For the past 10 years at Silk Hope School, students eaten with plastic utensils and on paper plates. They also have been asked to conserve water at all times, even using bottled water.
Silk Hope School is one of the last schools in the area that uses well water. The well is running dry.
"In a school setting, there are enough things to worry about, and you don't want water to be one of those things that you do have to address," said Robert Tharp, principal of Silk Hope School.
County officials were hoping a $9 million bond for a new water line to Jordan Lake would be the answer. The referendum failed in the July 20 election.
Some residents claimed there was a problem.

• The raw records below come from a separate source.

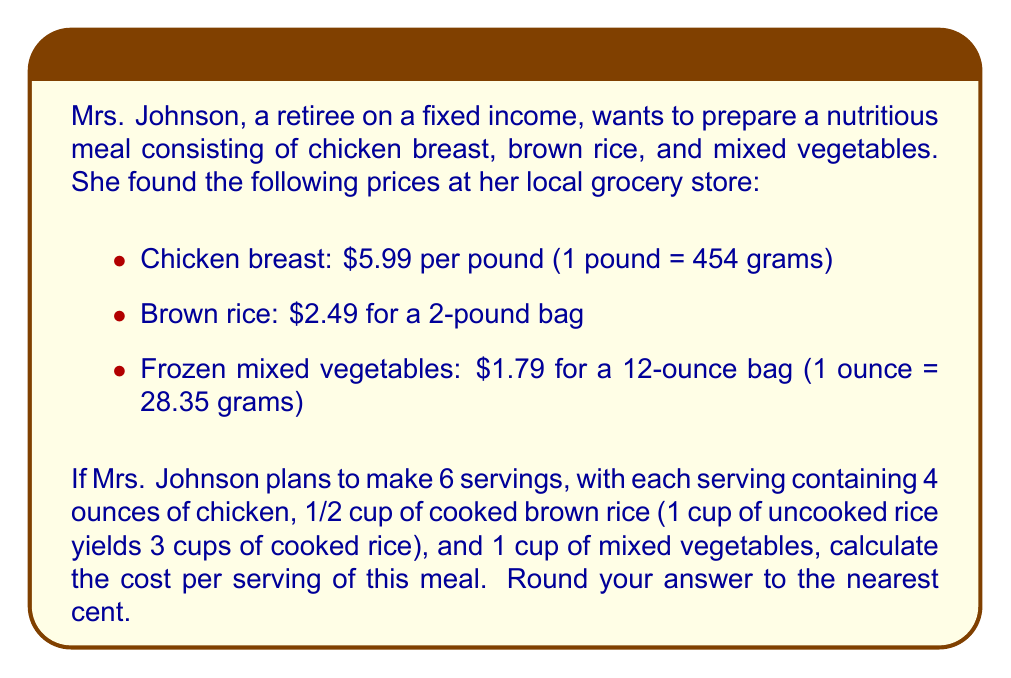Teach me how to tackle this problem. Let's break this down step-by-step:

1. Calculate the cost of chicken per serving:
   - 4 ounces = 113.4 grams
   - Cost per gram = $5.99 / 454 = $0.0132 per gram
   - Cost per serving = 113.4 * $0.0132 = $1.49

2. Calculate the cost of brown rice per serving:
   - 1/2 cup cooked rice = 1/6 cup uncooked rice
   - 2 pounds of rice = 907 grams
   - Cost per gram = $2.49 / 907 = $0.00275 per gram
   - 1 cup of uncooked rice ≈ 190 grams
   - Cost per serving = (190 / 6) * $0.00275 = $0.09

3. Calculate the cost of mixed vegetables per serving:
   - 1 cup = 8 ounces = 226.8 grams
   - Cost per gram = $1.79 / (12 * 28.35) = $0.00526 per gram
   - Cost per serving = 226.8 * $0.00526 = $1.19

4. Calculate the total cost per serving:
   $$ \text{Cost per serving} = $1.49 + $0.09 + $1.19 = $2.77 $$

5. Round to the nearest cent:
   $$ \text{Rounded cost per serving} = $2.77 $$
Answer: $2.77 per serving 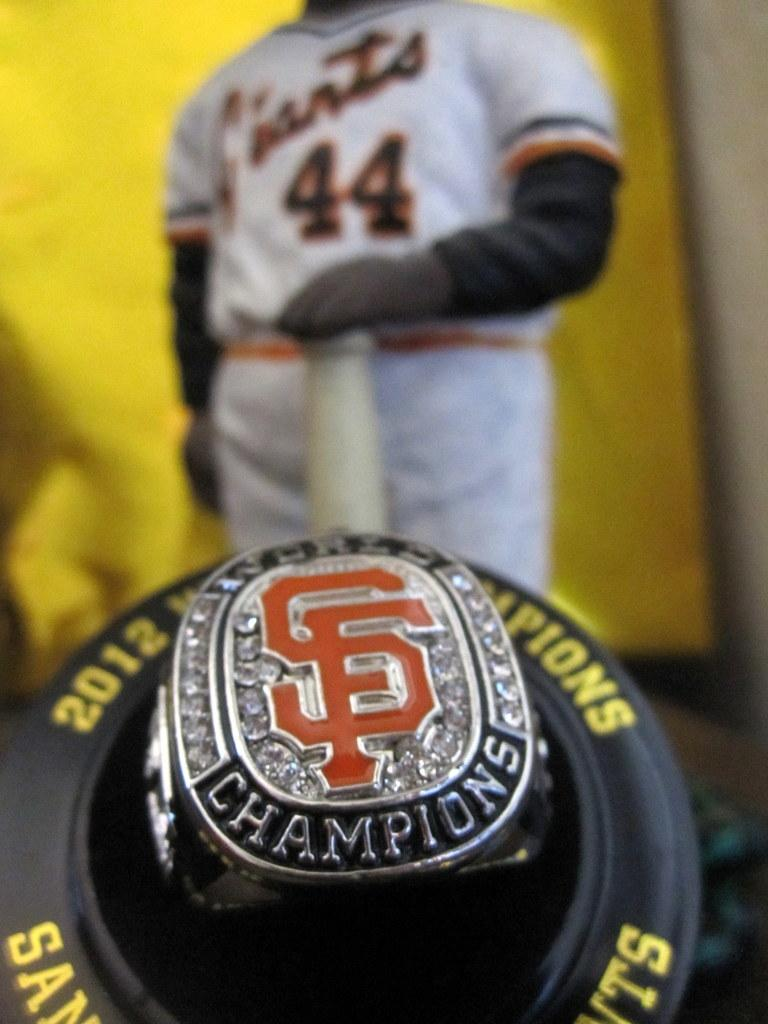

Residents said there were two other water-bond referendums for other parts of the county. Each was on a separate paper ballot. Some residents argued there was confusion in some precincts about which voters should get the proper ballot.
"We had some areas and townships where they were clearly laid out and some places where they were not," said Dawn Stumpf, of the Chatham County Board of Elections.
Some voters claimed they were not offered a water-bond referendum ballot and protested the election results.
The Chatham County Board of Elections will hold a preliminary hearing at 4 p.m. Tuesday to determine if the protest has any merit. If it does, they will hold a public hearing to determine whether to ask the state Board of Elections to put the issue on the November ballot.
County commissioners have a temporary solution to Silk Hope School's problem in the works. They plan to build a water line from the school to Siler City, but that plan is expected to take a year.